ULTRA-VIS is an augmented reality system that overlays graphics on the landscape through a low-power, holographic see-through display.

The scientists at the Defense Advanced Research Projects Agency aren’t secretive, they’ll tell you — they’re just busy. But on Wednesday afternoon, DARPA put its work on pause and opened up to the press for a precious two hours. The agency that brought you the internet and GPS erected white tents inside the Pentagon courtyard and staged 112 simultaneous demonstrations as harried journalists rushed around trying to suck up as much information as possible before our handlers nudged us out.

In one tent, a smiling gentleman in a jaunty hat shook my hand with his prosthetic arm, its soft plastic fingers closing around my palm. That was the DEKA arm system, the ultra-dexterous mind-controlled prosthetic that was just approved by the Food and Drug Administration earlier this month.
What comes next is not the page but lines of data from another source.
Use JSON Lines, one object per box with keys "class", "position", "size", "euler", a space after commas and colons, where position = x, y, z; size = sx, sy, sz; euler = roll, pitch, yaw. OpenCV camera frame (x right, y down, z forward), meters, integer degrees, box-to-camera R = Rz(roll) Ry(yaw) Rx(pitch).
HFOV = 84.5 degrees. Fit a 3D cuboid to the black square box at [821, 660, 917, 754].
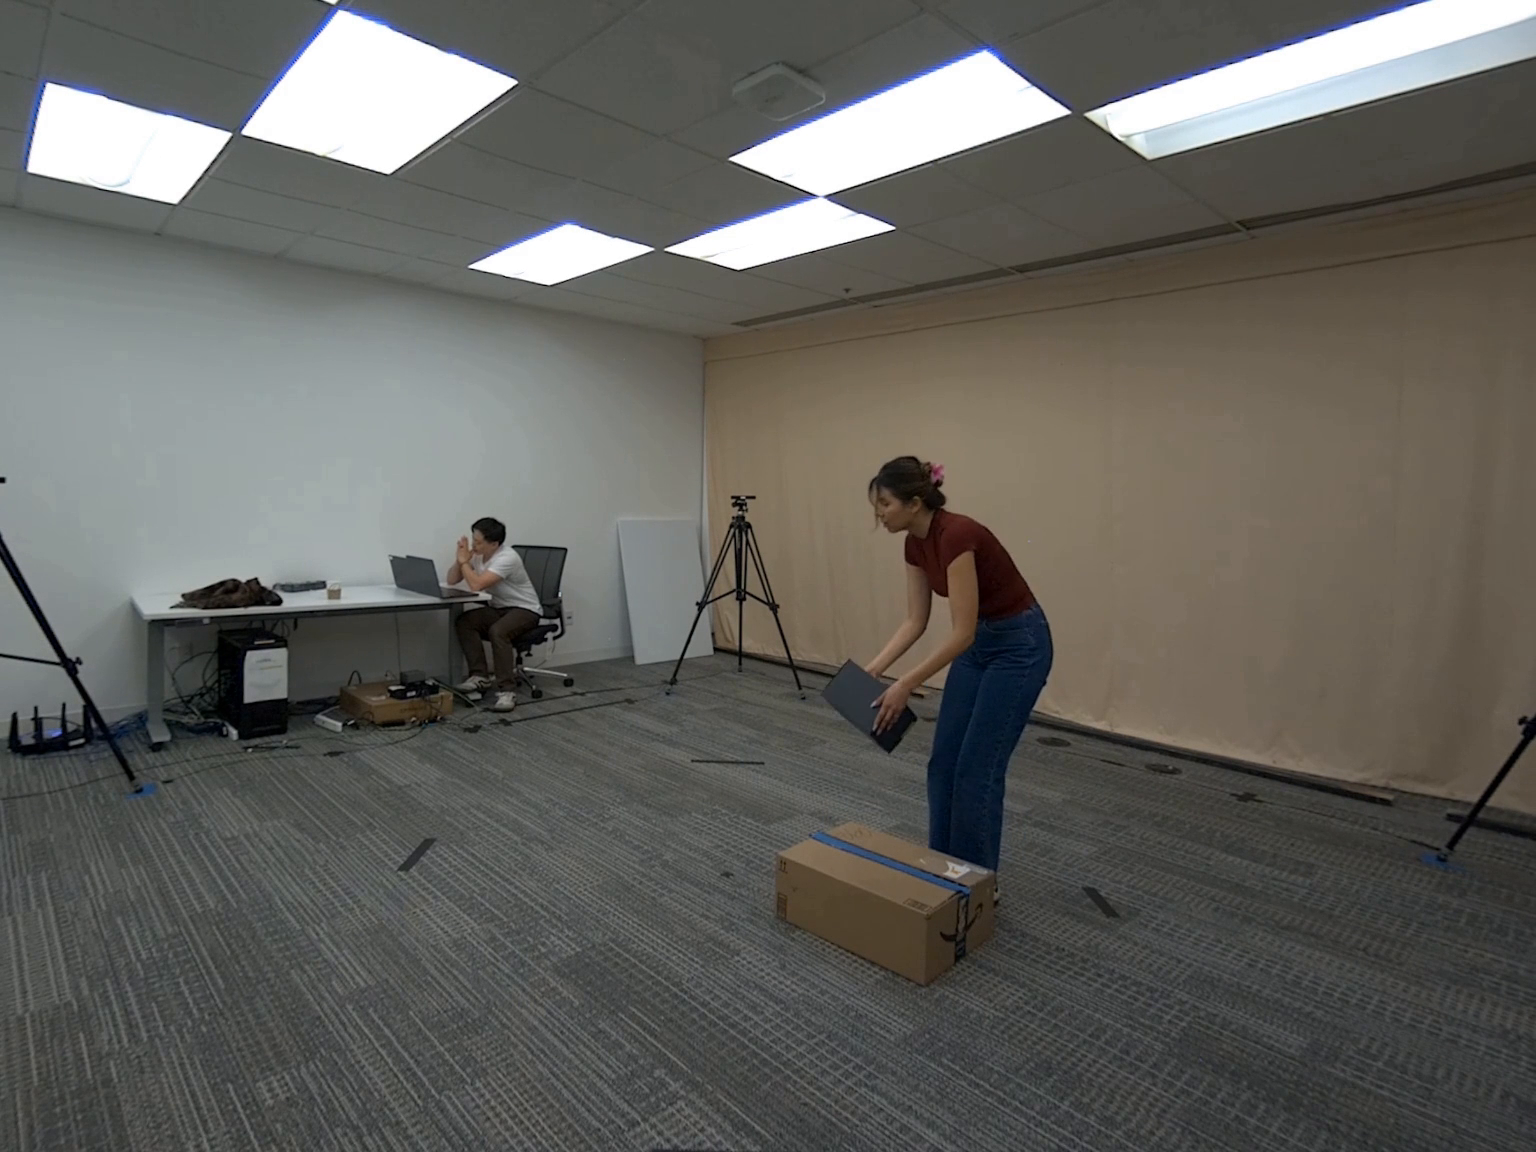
{"class": "black square box", "position": [0.333, 0.434, 2.799], "size": [0.235, 0.156, 0.210], "euler": [36, -8, 36]}
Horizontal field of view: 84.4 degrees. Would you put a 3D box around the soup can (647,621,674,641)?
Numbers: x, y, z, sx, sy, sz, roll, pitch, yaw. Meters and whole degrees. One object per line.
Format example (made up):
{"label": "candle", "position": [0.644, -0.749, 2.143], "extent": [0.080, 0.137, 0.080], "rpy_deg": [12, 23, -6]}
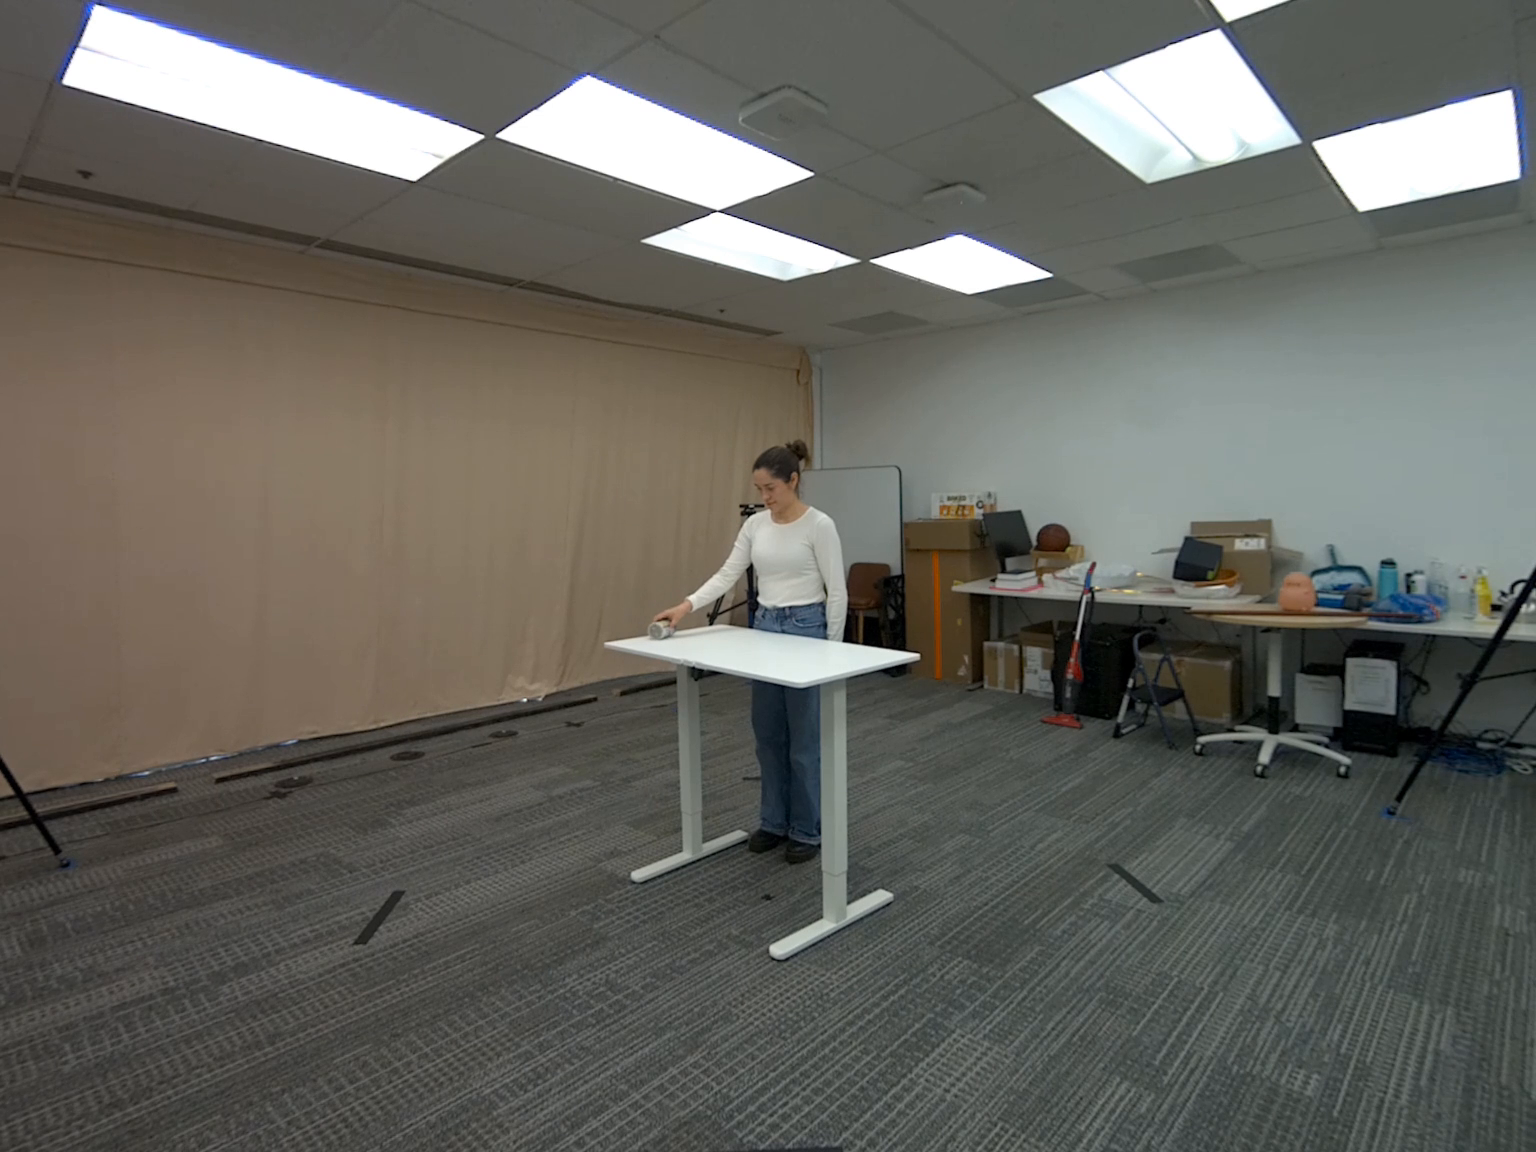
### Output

Its wearer, Fred Downs, the former director of the Department of Veterans Affairs Prosthetic and Sensory Aids Service, has tried almost every prosthetic on the market and says this one is the best. DARPA hopes to have it mass produced for soldiers who come back as amputees.


DARPA’s strategy is to invest its $2.8 billion budget in ideas that are high-risk, high-reward, and wide-ranging. Considering this is the agency that brought us Siri and the self-driving car, it should be no surprise to see projects all over the spectrum. The projects on display tackled language translation for face-to-face conversation, anonymous internet browsing, car-hacking, biometric passwords, big data, and more. There was an “unhackable” quadrocopter. There were educational games that teach kids fractions while teaching DARPA how to refine training techniques for soldiers. There was an augmented-reality helmet with a see-through screen over one eye, showing the wearer which route to follow by superimposing it on the landscape.


Fred Downs, former national director of the prosthetics division at Department of Veterans Affairs, demonstrates the DARPA-funded DEKA arm system.